Exercise requirements:
An exact copy of every entry is the answer here, with no pictures.

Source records
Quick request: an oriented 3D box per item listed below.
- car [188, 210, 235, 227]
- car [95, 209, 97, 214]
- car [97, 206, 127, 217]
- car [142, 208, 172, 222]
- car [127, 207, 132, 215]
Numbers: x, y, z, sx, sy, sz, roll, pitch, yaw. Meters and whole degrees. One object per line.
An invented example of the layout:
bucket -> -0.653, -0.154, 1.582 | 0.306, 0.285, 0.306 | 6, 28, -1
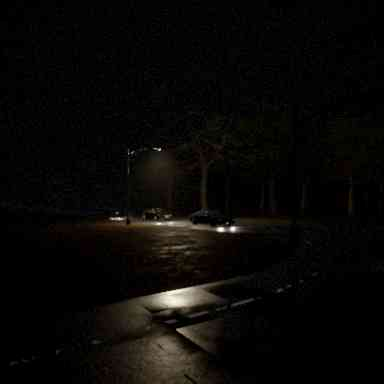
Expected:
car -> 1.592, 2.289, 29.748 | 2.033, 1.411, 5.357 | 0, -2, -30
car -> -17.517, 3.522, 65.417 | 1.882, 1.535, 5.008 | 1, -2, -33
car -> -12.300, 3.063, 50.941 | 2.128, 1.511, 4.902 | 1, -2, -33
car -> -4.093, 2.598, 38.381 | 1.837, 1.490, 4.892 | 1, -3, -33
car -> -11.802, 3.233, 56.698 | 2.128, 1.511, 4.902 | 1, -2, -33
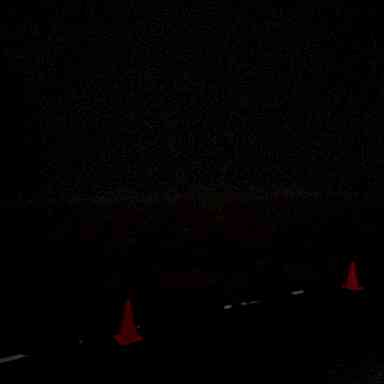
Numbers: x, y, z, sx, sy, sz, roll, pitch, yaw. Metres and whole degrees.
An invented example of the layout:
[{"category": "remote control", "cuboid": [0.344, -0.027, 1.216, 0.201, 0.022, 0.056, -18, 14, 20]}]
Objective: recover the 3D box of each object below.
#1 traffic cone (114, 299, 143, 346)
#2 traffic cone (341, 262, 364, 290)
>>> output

Task solution:
Quick request: an oriented 3D box per item listed below.
- car [188, 210, 235, 227]
- car [95, 209, 97, 214]
- car [97, 206, 127, 217]
- car [142, 208, 172, 222]
- car [127, 207, 132, 215]
Numbers: x, y, z, sx, sy, sz, roll, pitch, yaw. Meters and whole degrees. One object per line.
An invented example of the layout:
bucket -> -0.653, -0.154, 1.582 | 0.306, 0.285, 0.306 | 6, 28, -1
Expected:
car -> 1.592, 2.289, 29.748 | 2.033, 1.411, 5.357 | 0, -2, -30
car -> -17.517, 3.522, 65.417 | 1.882, 1.535, 5.008 | 1, -2, -33
car -> -12.300, 3.063, 50.941 | 2.128, 1.511, 4.902 | 1, -2, -33
car -> -4.093, 2.598, 38.381 | 1.837, 1.490, 4.892 | 1, -3, -33
car -> -11.802, 3.233, 56.698 | 2.128, 1.511, 4.902 | 1, -2, -33
Numbers: x, y, z, sx, sy, sz, roll, pitch, yaw. Metres and whole degrees.
An invented example of the layout:
[{"category": "remote control", "cuboid": [0.344, -0.027, 1.216, 0.201, 0.022, 0.056, -18, 14, 20]}]
Objective: recover the 3D box of each object below.
#1 traffic cone (114, 299, 143, 346)
#2 traffic cone (341, 262, 364, 290)
>>> output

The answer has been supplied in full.